---------- Information provided
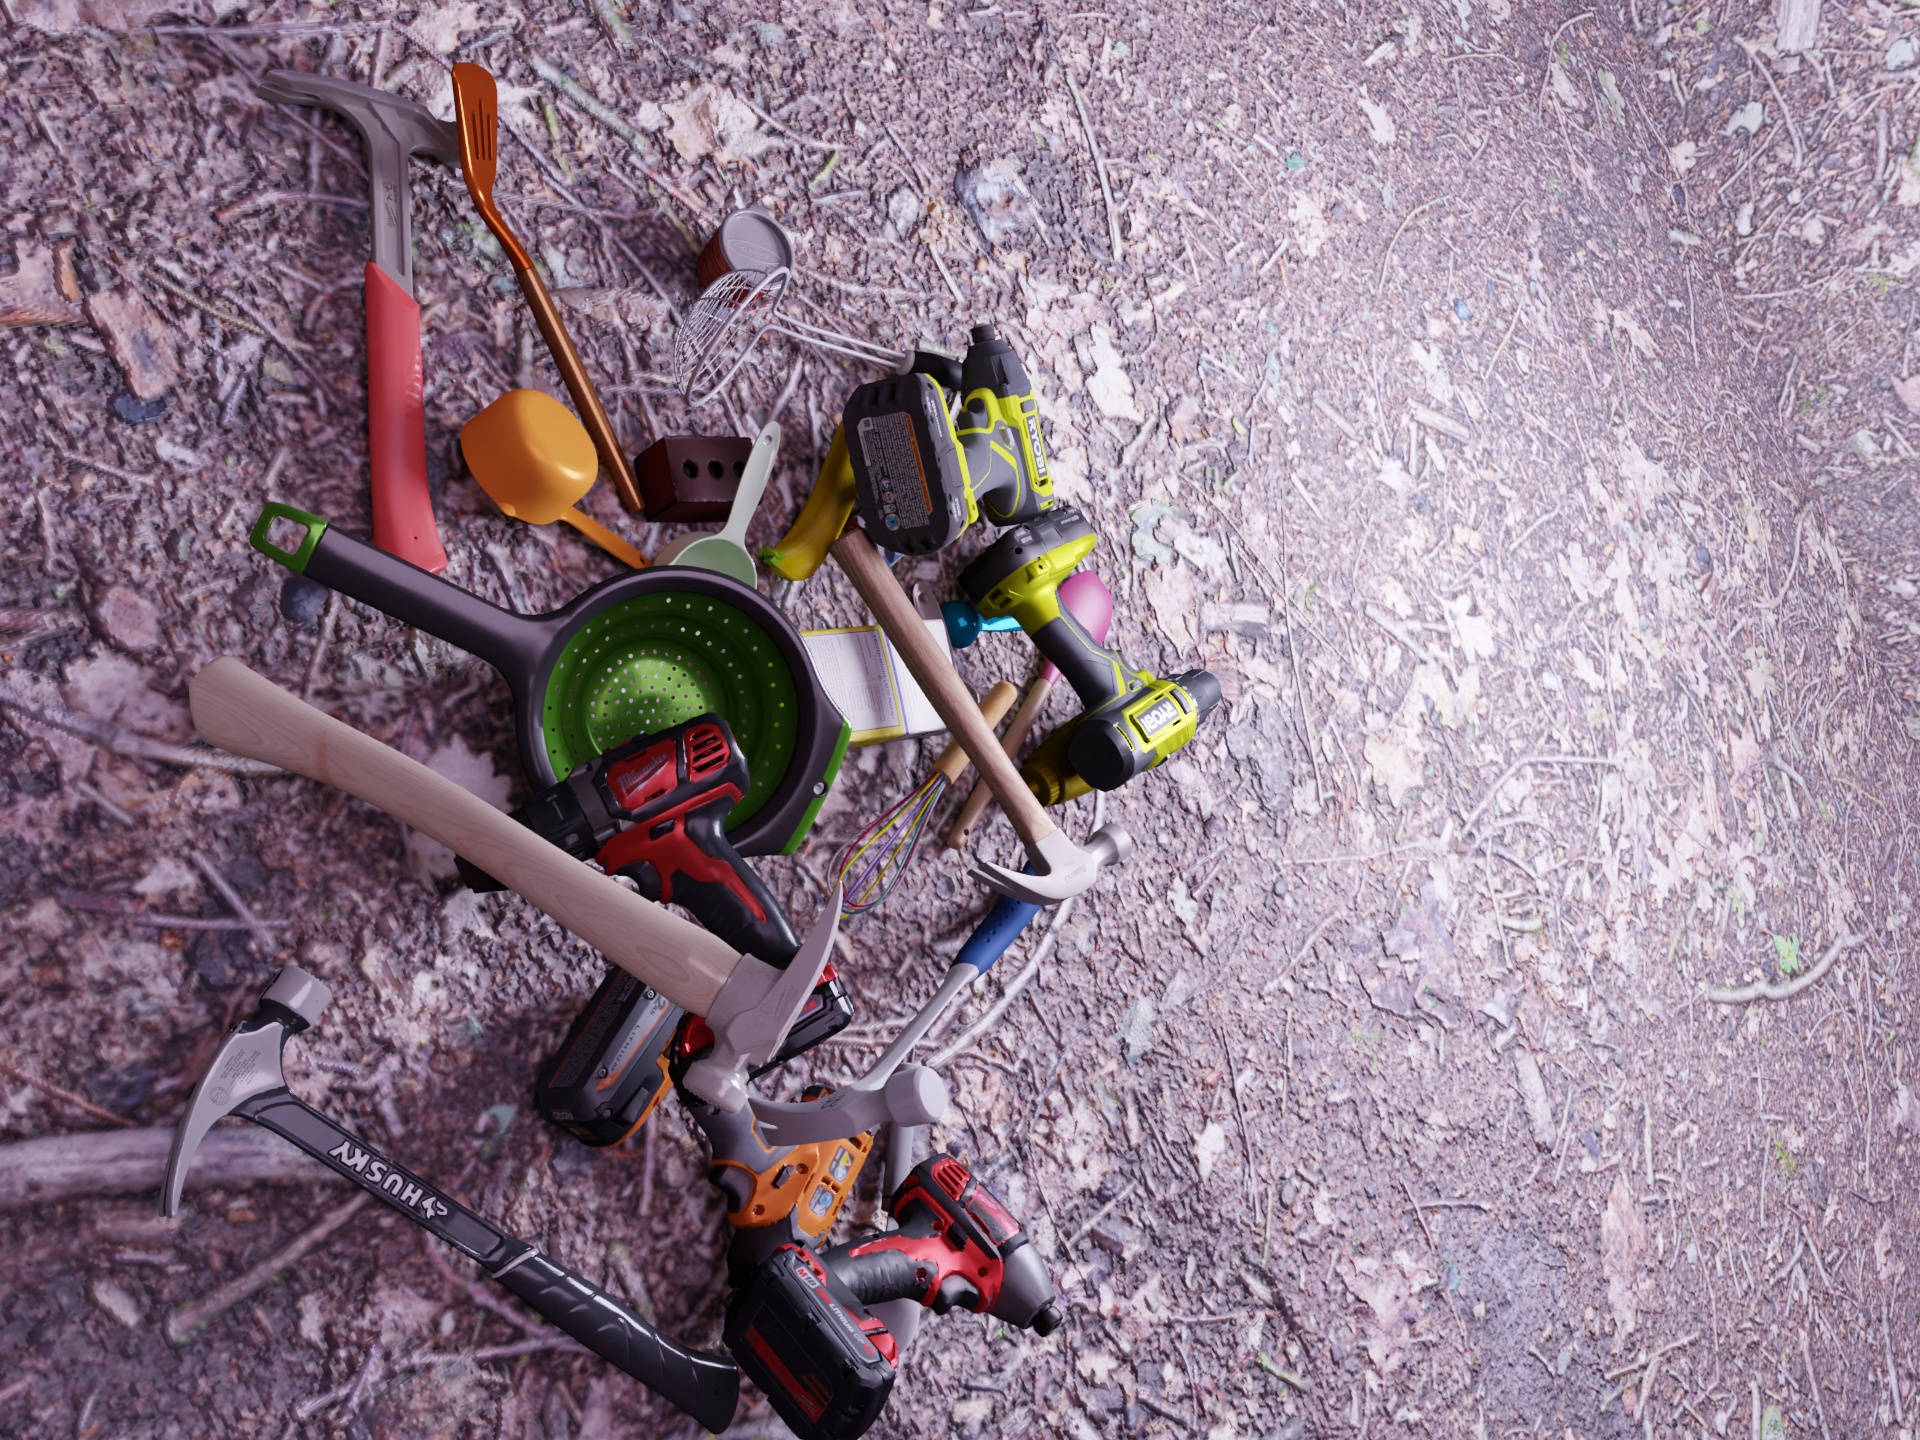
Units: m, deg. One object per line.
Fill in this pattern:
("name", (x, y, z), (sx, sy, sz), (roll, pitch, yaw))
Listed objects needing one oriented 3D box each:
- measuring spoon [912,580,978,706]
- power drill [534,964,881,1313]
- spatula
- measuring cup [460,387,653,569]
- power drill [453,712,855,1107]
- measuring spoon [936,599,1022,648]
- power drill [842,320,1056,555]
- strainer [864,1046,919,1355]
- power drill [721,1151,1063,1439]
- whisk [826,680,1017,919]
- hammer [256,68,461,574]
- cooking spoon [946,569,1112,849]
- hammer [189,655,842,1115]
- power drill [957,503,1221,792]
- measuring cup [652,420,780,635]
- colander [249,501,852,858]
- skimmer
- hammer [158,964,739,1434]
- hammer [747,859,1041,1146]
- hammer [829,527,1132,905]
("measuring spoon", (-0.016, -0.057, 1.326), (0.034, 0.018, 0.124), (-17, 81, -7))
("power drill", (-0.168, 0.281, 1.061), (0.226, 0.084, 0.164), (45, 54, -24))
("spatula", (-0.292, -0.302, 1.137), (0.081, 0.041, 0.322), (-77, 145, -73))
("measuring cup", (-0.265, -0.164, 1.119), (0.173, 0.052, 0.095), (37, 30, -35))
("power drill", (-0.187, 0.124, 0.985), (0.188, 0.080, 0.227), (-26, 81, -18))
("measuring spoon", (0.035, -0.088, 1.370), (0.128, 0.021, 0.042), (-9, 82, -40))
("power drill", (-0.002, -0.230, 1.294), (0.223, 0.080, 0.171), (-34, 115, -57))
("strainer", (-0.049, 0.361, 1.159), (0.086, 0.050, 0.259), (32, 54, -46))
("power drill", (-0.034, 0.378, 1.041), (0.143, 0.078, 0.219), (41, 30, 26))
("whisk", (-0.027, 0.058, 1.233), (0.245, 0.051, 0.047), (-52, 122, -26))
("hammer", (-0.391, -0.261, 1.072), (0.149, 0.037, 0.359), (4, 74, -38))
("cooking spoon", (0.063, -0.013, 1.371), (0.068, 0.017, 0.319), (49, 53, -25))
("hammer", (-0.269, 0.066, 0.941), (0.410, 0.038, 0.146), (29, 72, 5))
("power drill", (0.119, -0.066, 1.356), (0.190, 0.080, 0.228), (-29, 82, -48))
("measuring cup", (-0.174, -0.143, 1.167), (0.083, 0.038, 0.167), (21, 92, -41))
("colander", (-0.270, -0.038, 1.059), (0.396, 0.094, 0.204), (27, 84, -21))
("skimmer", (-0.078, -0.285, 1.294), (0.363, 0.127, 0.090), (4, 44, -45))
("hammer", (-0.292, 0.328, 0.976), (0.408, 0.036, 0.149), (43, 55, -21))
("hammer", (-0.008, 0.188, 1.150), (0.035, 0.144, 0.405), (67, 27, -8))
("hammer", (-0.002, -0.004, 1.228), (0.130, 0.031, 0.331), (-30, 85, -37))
--------------------
• _What you should do_
In your answer, include only the lines above starting at the line that holds "- hammer [256,68,461,574]" and ending at the line that holds "- hammer [747,859,1041,1146]", copied exactly.

• _Response to this task_
- hammer [256,68,461,574]
- cooking spoon [946,569,1112,849]
- hammer [189,655,842,1115]
- power drill [957,503,1221,792]
- measuring cup [652,420,780,635]
- colander [249,501,852,858]
- skimmer
- hammer [158,964,739,1434]
- hammer [747,859,1041,1146]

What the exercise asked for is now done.